And yet here they are. Growing and flowering and sprouting peas. They’re a gift, mysteriously given and received. And they’re the best peas I’ve ever had.

It’s easy to just slot gift-giving (and receiving) into simple categories – holidays, birthdays, anniversaries – but they have power beyond them. Gifts can help enrich your relationships and your communities.

Through the simple act of giving, you can find your purpose.

Gift peas? A chance.

I’m going to go back to the peas for a second. Stick with me here.

They didn’t come from nowhere. They started as seeds that took root in my garden beds. That wouldn’t have happened had I not spent the last two years working on the soil, mulching and composting and fertilising.

My backyard wasn’t all that flash a few years ago. And now it’s filled with bugs, birds, frogs (sometimes) and, now, mystery peas. I gave to the land and, in turn, the land gave something back.

Robin Wall Kimmerer, in her fantastic book Braiding sweetgrass, describes living near fields of wild strawberries as a child – gifts from the earth:

Strawberries first shaped my view of a world full of gifts simply scattered at your feet. A gift comes to you through no action of your own, free, having moved toward you without your beckoning. It is not a reward; you cannot earn it, or call it to you, or even deserve it. And yet it appears. Your only role is to be open-eyed and present. Gifts exist in a realm of humility and mystery – as with random acts of kindness, we do not know their source.

As Kimmerer goes on to explain, “gifts from the earth or from each other establish a particular relationship, an obligation of sorts to give, to receive, and to reciprocate.”

I don’t know if we’ll get mystery peas again next year. But I know that, if I don’t keep looking after my garden, it’ll stop supplying anything at all. No flowers, no critters. Nothing.

Now, Kimmerer isn’t saying that the plants made strawberries just for her. It’s a matter of perspective: “It is human perspective that makes the world a gift. When we view the world this way, strawberries and humans alike are transformed.”

She goes on to quote scholar Lewis Hyde:

A gift relationship with nature is a “formal give-and-take that acknowledges our participation in, and dependence on, natural increase. We tend to respond to nature as a part of ourselves, not a stranger or alien available for exploitation.

This way of thinking can fundamentally reshape your relationship with nature. But it applies to your communities and relationships as well: you depend on them and you can enrich them all with a simple gift.

Don’t look the gift force in the mouth

There’s something magical in receiving a gift that’s perfectly you. Someone thought of you and acted on it – and now the world has changed in a small, meaningful way.

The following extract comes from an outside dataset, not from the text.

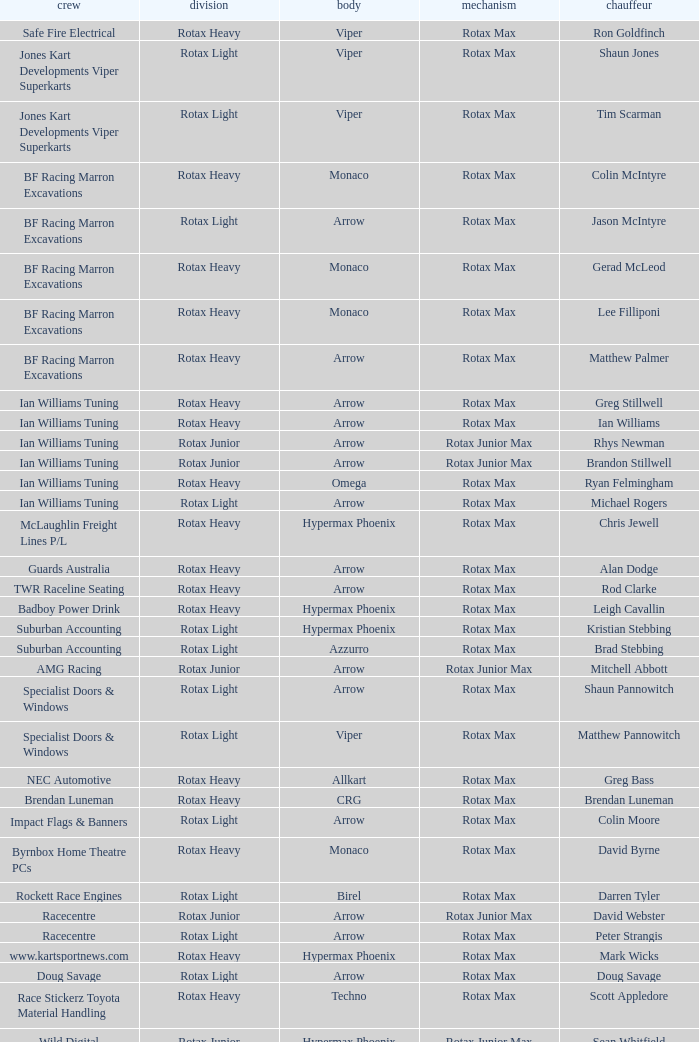What is the name of the team whose class is Rotax Light? Jones Kart Developments Viper Superkarts, Jones Kart Developments Viper Superkarts, BF Racing Marron Excavations, Ian Williams Tuning, Suburban Accounting, Suburban Accounting, Specialist Doors & Windows, Specialist Doors & Windows, Impact Flags & Banners, Rockett Race Engines, Racecentre, Doug Savage. Could you help me parse every detail presented in this table? {'header': ['crew', 'division', 'body', 'mechanism', 'chauffeur'], 'rows': [['Safe Fire Electrical', 'Rotax Heavy', 'Viper', 'Rotax Max', 'Ron Goldfinch'], ['Jones Kart Developments Viper Superkarts', 'Rotax Light', 'Viper', 'Rotax Max', 'Shaun Jones'], ['Jones Kart Developments Viper Superkarts', 'Rotax Light', 'Viper', 'Rotax Max', 'Tim Scarman'], ['BF Racing Marron Excavations', 'Rotax Heavy', 'Monaco', 'Rotax Max', 'Colin McIntyre'], ['BF Racing Marron Excavations', 'Rotax Light', 'Arrow', 'Rotax Max', 'Jason McIntyre'], ['BF Racing Marron Excavations', 'Rotax Heavy', 'Monaco', 'Rotax Max', 'Gerad McLeod'], ['BF Racing Marron Excavations', 'Rotax Heavy', 'Monaco', 'Rotax Max', 'Lee Filliponi'], ['BF Racing Marron Excavations', 'Rotax Heavy', 'Arrow', 'Rotax Max', 'Matthew Palmer'], ['Ian Williams Tuning', 'Rotax Heavy', 'Arrow', 'Rotax Max', 'Greg Stillwell'], ['Ian Williams Tuning', 'Rotax Heavy', 'Arrow', 'Rotax Max', 'Ian Williams'], ['Ian Williams Tuning', 'Rotax Junior', 'Arrow', 'Rotax Junior Max', 'Rhys Newman'], ['Ian Williams Tuning', 'Rotax Junior', 'Arrow', 'Rotax Junior Max', 'Brandon Stillwell'], ['Ian Williams Tuning', 'Rotax Heavy', 'Omega', 'Rotax Max', 'Ryan Felmingham'], ['Ian Williams Tuning', 'Rotax Light', 'Arrow', 'Rotax Max', 'Michael Rogers'], ['McLaughlin Freight Lines P/L', 'Rotax Heavy', 'Hypermax Phoenix', 'Rotax Max', 'Chris Jewell'], ['Guards Australia', 'Rotax Heavy', 'Arrow', 'Rotax Max', 'Alan Dodge'], ['TWR Raceline Seating', 'Rotax Heavy', 'Arrow', 'Rotax Max', 'Rod Clarke'], ['Badboy Power Drink', 'Rotax Heavy', 'Hypermax Phoenix', 'Rotax Max', 'Leigh Cavallin'], ['Suburban Accounting', 'Rotax Light', 'Hypermax Phoenix', 'Rotax Max', 'Kristian Stebbing'], ['Suburban Accounting', 'Rotax Light', 'Azzurro', 'Rotax Max', 'Brad Stebbing'], ['AMG Racing', 'Rotax Junior', 'Arrow', 'Rotax Junior Max', 'Mitchell Abbott'], ['Specialist Doors & Windows', 'Rotax Light', 'Arrow', 'Rotax Max', 'Shaun Pannowitch'], ['Specialist Doors & Windows', 'Rotax Light', 'Viper', 'Rotax Max', 'Matthew Pannowitch'], ['NEC Automotive', 'Rotax Heavy', 'Allkart', 'Rotax Max', 'Greg Bass'], ['Brendan Luneman', 'Rotax Heavy', 'CRG', 'Rotax Max', 'Brendan Luneman'], ['Impact Flags & Banners', 'Rotax Light', 'Arrow', 'Rotax Max', 'Colin Moore'], ['Byrnbox Home Theatre PCs', 'Rotax Heavy', 'Monaco', 'Rotax Max', 'David Byrne'], ['Rockett Race Engines', 'Rotax Light', 'Birel', 'Rotax Max', 'Darren Tyler'], ['Racecentre', 'Rotax Junior', 'Arrow', 'Rotax Junior Max', 'David Webster'], ['Racecentre', 'Rotax Light', 'Arrow', 'Rotax Max', 'Peter Strangis'], ['www.kartsportnews.com', 'Rotax Heavy', 'Hypermax Phoenix', 'Rotax Max', 'Mark Wicks'], ['Doug Savage', 'Rotax Light', 'Arrow', 'Rotax Max', 'Doug Savage'], ['Race Stickerz Toyota Material Handling', 'Rotax Heavy', 'Techno', 'Rotax Max', 'Scott Appledore'], ['Wild Digital', 'Rotax Junior', 'Hypermax Phoenix', 'Rotax Junior Max', 'Sean Whitfield'], ['John Bartlett', 'Rotax Heavy', 'Hypermax Phoenix', 'Rotax Max', 'John Bartlett']]}

I recently bought some small video-game themed stickers to give to some friends of mine, in a low-key celebration of the countless hours we’ve spent playing Rocket League together.

As it turns out, one of my friends had the exact same idea, at the exact same time, and bought similar stickers for us all. Honestly, a wild coincidence.

It’s brilliant. And, yeah, a little bit magic. A home filled with gifts is a home full of relationships. (And Rocket League stickers, apparently.)

It’s not debt – but it is an obligation

It’s taken me a while to come around to gifts. And I still kinda dislike it when someone asks me want I want for my birthday or Christmas.

Part of it is that I genuinely don’t know (unless someone wants to splash $995 AUD on this watch). But, really, my deeper problem was feeling indebted to someone for any gift they gave me.

As I’ve gotten older, I’ve come to appreciate the beauty of that. Just like Kimmerer’s wild strawberries, it’s a matter of perspective.

Gifts, at their best, build and deepen relationships. They create bonds. And bonds, just like love, come with obligation.

Kimmerer sums it up when talking about gift economies:

The essence of the gift is that it creates a set of relationships. The currency of a gift economy is, at its root, reciprocity. In Western thinking, private land is understood to be a “bundle of rights,” whereas in a gift economy property has a “bundle of responsibilities” attached.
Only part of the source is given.